## PROBLEM REQUIREMENTS
Print the whole listing again exactly, keeping no pictures in it.

## DATA FOR THE TASK
§ §
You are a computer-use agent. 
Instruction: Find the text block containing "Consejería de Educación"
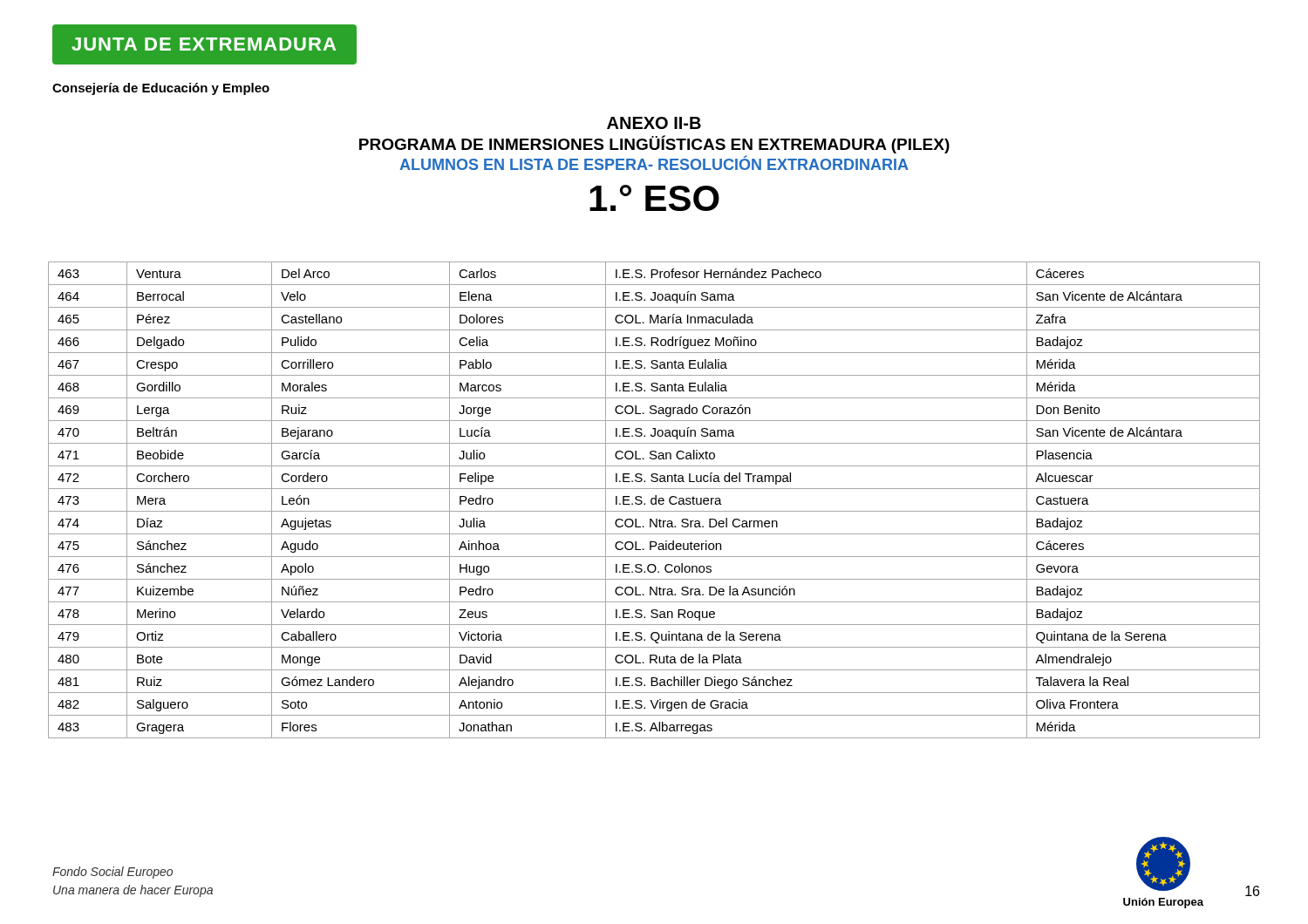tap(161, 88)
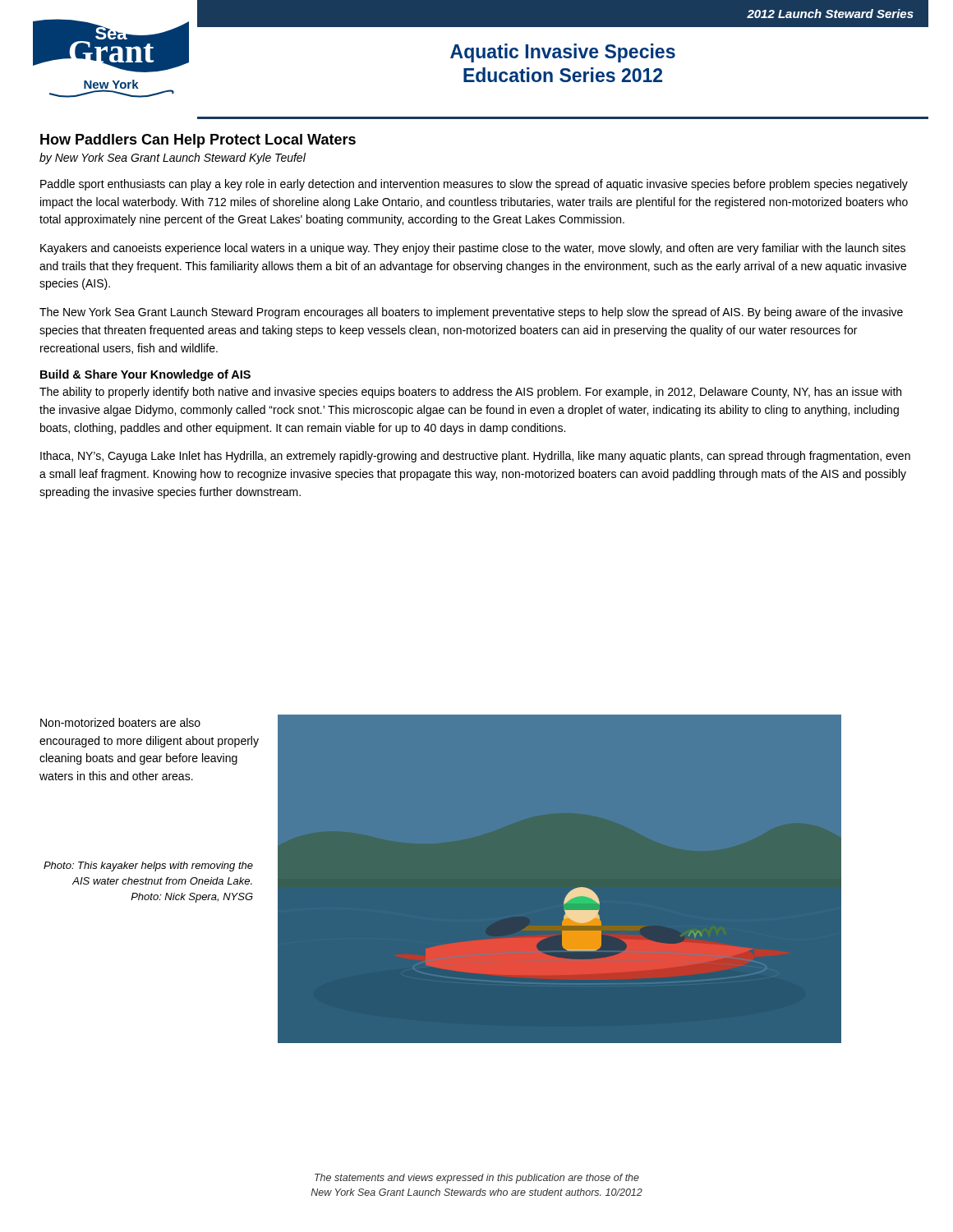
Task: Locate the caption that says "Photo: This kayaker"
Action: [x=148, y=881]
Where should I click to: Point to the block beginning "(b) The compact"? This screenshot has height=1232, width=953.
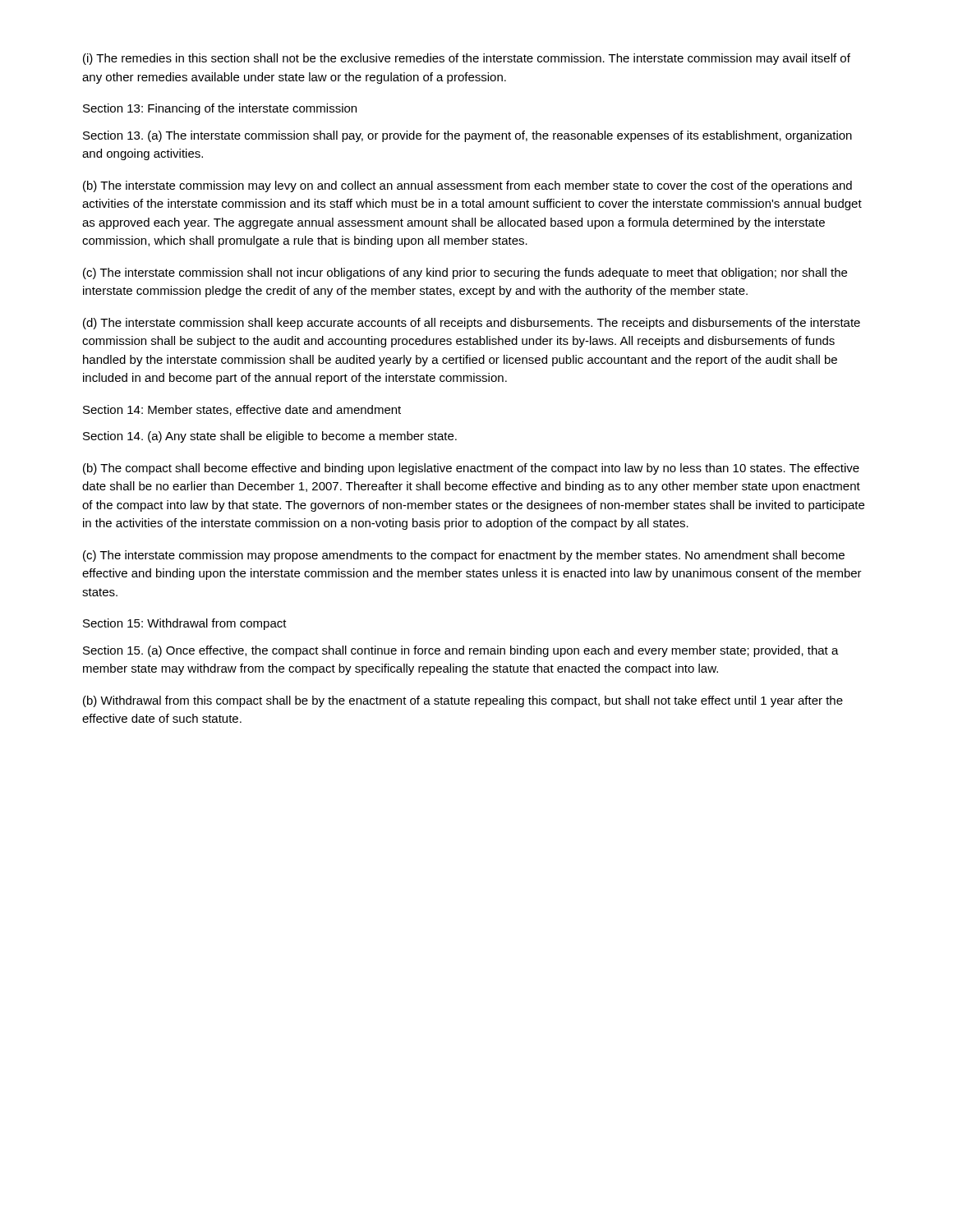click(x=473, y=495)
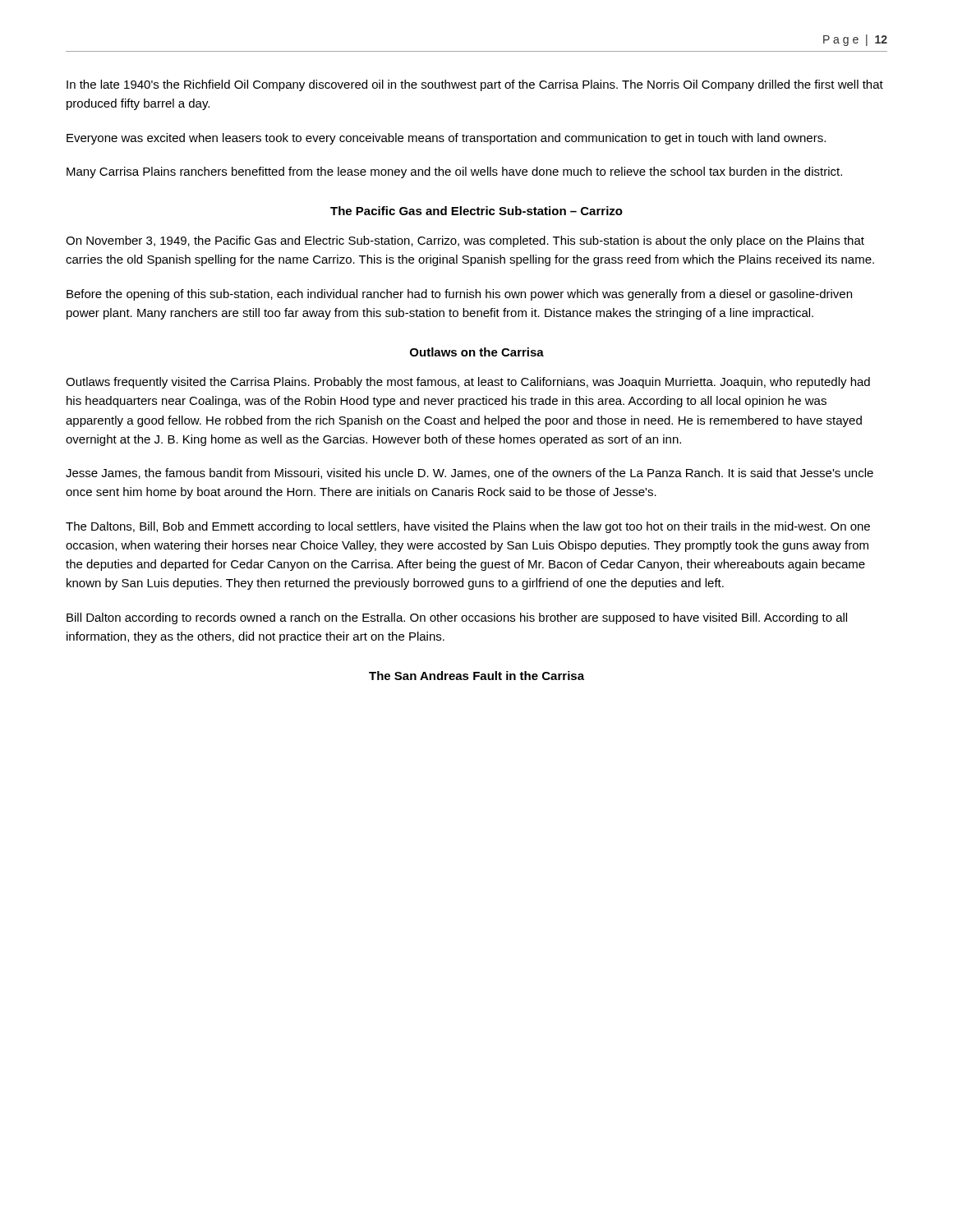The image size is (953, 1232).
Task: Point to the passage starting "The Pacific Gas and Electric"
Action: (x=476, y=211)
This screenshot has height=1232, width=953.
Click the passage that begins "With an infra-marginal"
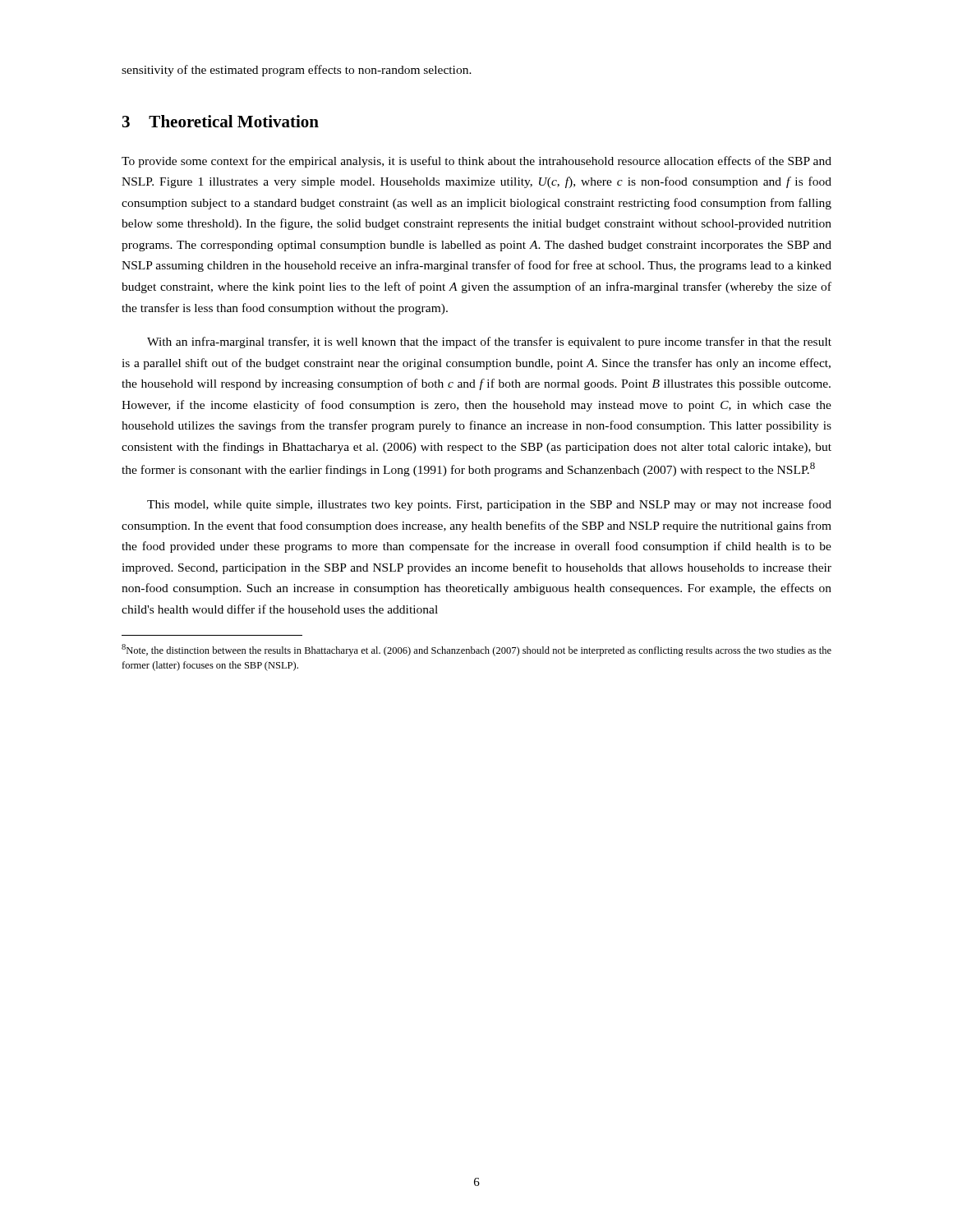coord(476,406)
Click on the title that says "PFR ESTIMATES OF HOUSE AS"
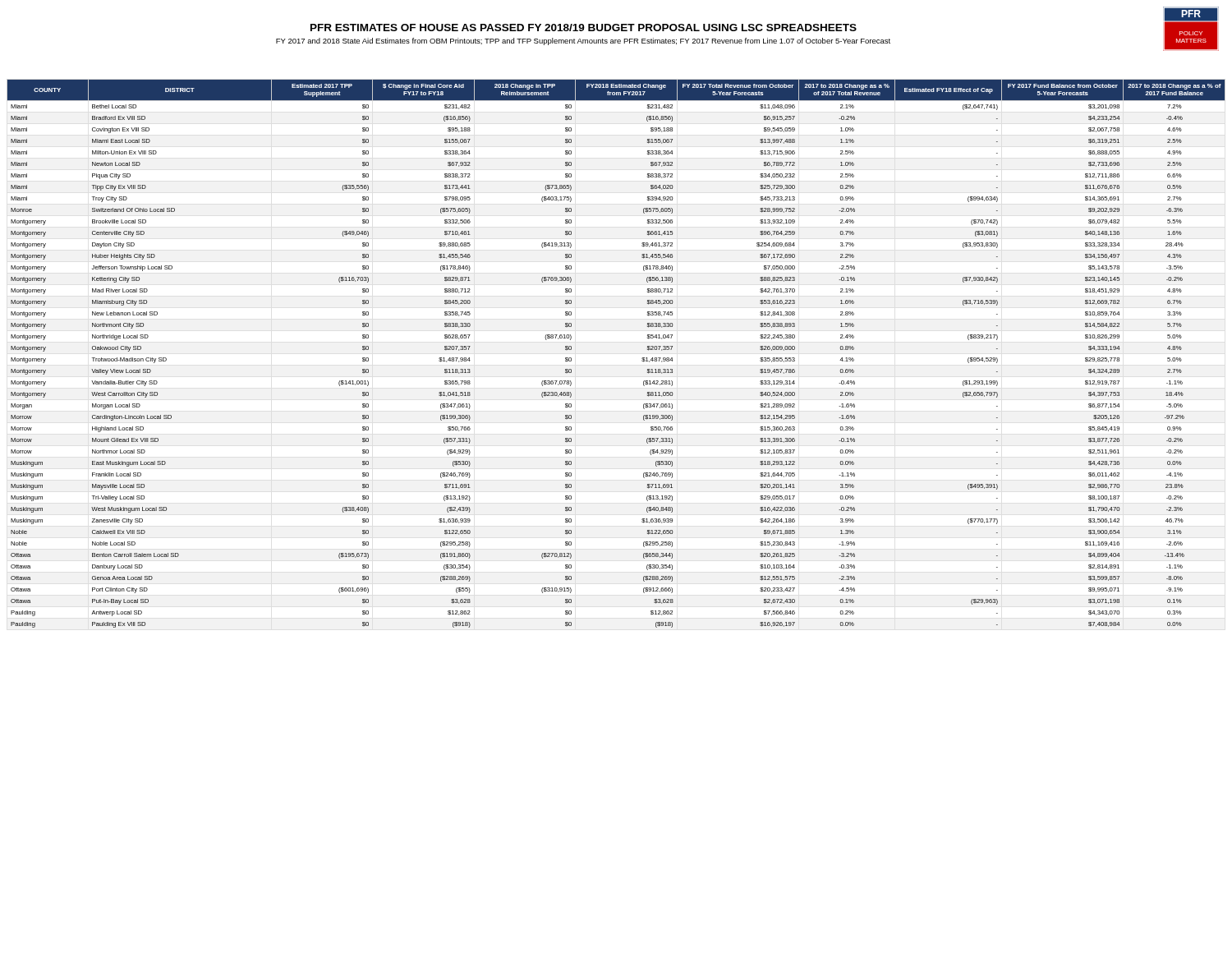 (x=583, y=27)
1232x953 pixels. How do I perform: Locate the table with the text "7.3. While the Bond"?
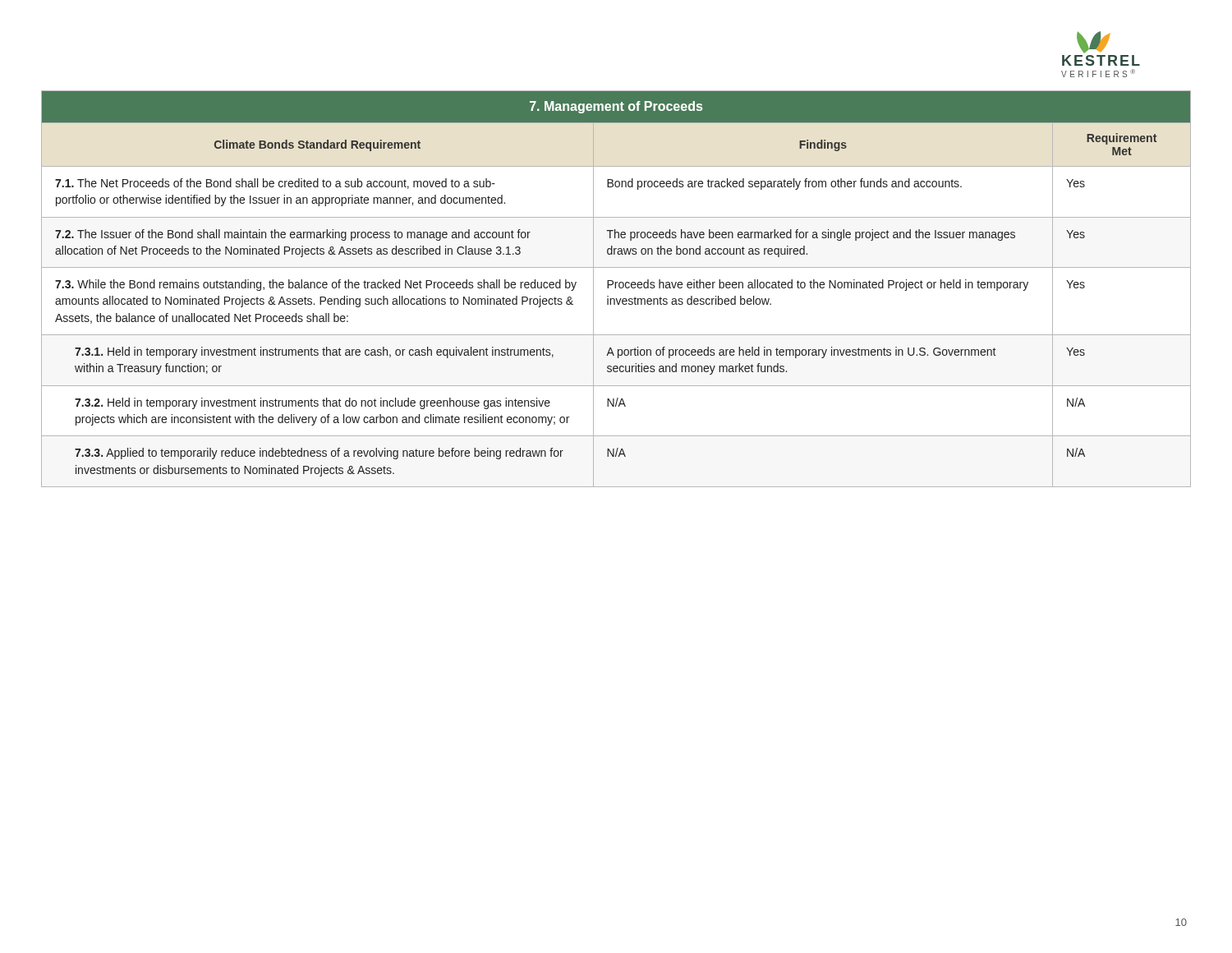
§ §
## EXERCISE SOLUTION
You are a computer-use agent. 
Instruction: Find the text block containing "Consejería de Educación"
tap(161, 88)
Task: Locate the caption that says "Photo: This kayaker"
Action: [x=148, y=881]
Where should I click to: Point to the block beginning "(b) The compact"? This screenshot has height=1232, width=953.
click(x=473, y=495)
The image size is (953, 1232).
Task: Point to the passage starting "The Pacific Gas and Electric"
Action: (x=476, y=211)
This screenshot has height=1232, width=953.
Click the passage that begins "With an infra-marginal"
coord(476,406)
Click on the title that says "PFR ESTIMATES OF HOUSE AS"
 (x=583, y=27)
1232x953 pixels. How do I perform: Locate the table with the text "7.3. While the Bond"?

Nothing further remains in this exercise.